UNE AGENCE DE DÉSERTION
EN ALGÉRIE

On sait quelle campagne a été menée
au Maroc depuis tantôt un an, et même en Algérie,
dans le but de favoriser la désertion dans la Légion étrangère.
Nous disons plus loin, dans notre « Variété »,
comment fonctionnent les agences organisées dans ce but.
Au Maroc, les désertions furent surtout nombreuses pendant les
mois d'inaction.
Elles cessèrent presque complètement pendant la période
d'action militaire énergique que nécessitèrent
la répression et la pacification des Chaouïa.
Ce qui prouve, une fois de plus, que le légionnaire ne déserte
pas devant l'ennemi,et ce qui démontre que, en temps de paix,
une surveillance sévère est nécessaire pour empêcher
certains agents étrangers de faire, auprès de nos soldats
d'adoption, leur propagande criminelle.
VARIETE
DESERTEURS
Une agence de désertion au Maroc.
- Les Allemands dans les armées françaises. - La Légion
germanique. - La désertion sous l'ancien régime. - Comment
on punissait les déserteurs. - Une propagande coupable. - Le
nombre croissant des déserteurs et insoumis. - Le crime de lèse-patrie.

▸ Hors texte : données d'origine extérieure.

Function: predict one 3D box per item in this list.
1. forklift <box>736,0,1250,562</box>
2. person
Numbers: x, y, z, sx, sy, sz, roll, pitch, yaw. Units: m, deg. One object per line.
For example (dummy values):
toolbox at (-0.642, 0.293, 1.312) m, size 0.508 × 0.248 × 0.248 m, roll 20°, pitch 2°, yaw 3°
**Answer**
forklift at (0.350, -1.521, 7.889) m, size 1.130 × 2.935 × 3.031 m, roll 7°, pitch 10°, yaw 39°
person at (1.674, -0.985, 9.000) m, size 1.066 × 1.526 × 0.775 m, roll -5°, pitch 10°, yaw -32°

Les événements du Maroc ont révélé
l'existence, non seulement à Casablanca, mais même en Algérie,
d'agences organisées pour favoriser la désertion parmi
les soldats de la Légion étrangère.
Un officier qui avait fait, dès le début de la campagne,
une enquête approfondie sur le fonctionnement de ces agences,
en faisait ainsi la description à un de nos confrères
d'Algérie :
« Le directeur de l'agence de désertion, disait-il, est
un gros commerçant de Casablanca. Des hommes à sa solde
s'abouchent avec les légionnaires auxquels ils font prendre des
consommations variées dans tous les débits de boisson.

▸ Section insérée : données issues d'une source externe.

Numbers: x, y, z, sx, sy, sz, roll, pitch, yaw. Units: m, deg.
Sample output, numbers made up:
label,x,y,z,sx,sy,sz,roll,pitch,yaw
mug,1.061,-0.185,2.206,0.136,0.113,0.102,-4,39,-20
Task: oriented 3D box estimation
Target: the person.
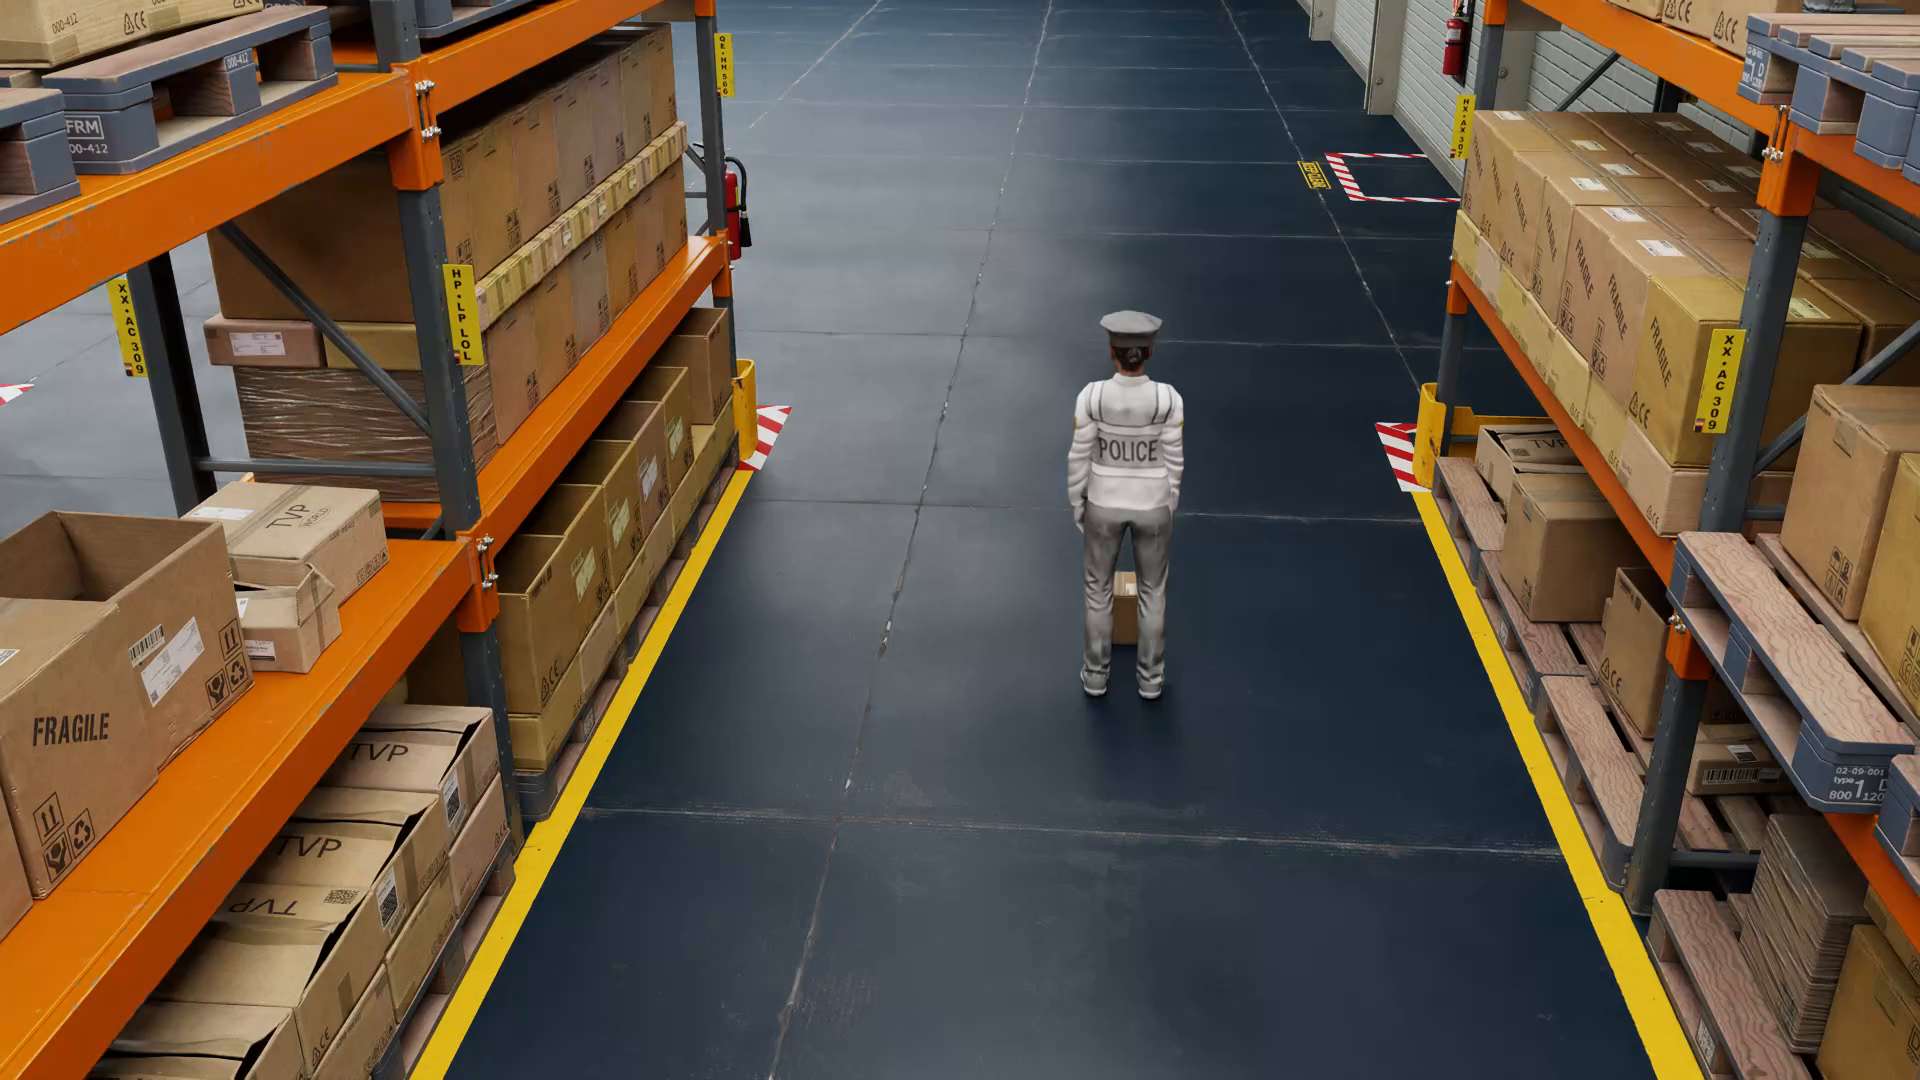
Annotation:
label,x,y,z,sx,sy,sz,roll,pitch,yaw
person,0.677,-0.128,6.892,0.470,1.664,0.328,2,25,5

» Quand ils sont en état d'ivresse, leurs compagnons leur
font oublier l'heure de l'appel du soir, et on leur représente
que, s'ils rentrent au camp, ils vont être punis de prison ou
de cellule et qu'il vaudrait mieux pour eux, afin d'éviter un
châtiment, ne plus rentrer du tout. C'est alors que les offres
sont faites : on les habillera, on les nourrira, on leur donnera de
l'argent, on les cachera jusqu'à l'arrivée du prochain
paquebot allemand, où on les embarquera pour l'Allemagne. Là-bas,
un comité les recevra, se chargera de leur procurer du travail,
et ils seront beaucoup plus heureux qu'au service de la France... »
Voilà comment s'y prennent les agents de la propagande antifrançaise
à la Légion. Et leur procédé est tout pareil
à celui qu'employaient et qu'emploient encore les racoleurs dans
certains pays où le recrutement s'effectue par ce moyen suranné.
L'homme est grisé, on lui fait de belles promesses, on l'entortille,
on lui glisse dans la main la prime qui fera taire ses remords, et,
finalement, on l'arrache au métier militaire par les mêmes
moyens dont on servait jadis pour l'y faire entrer.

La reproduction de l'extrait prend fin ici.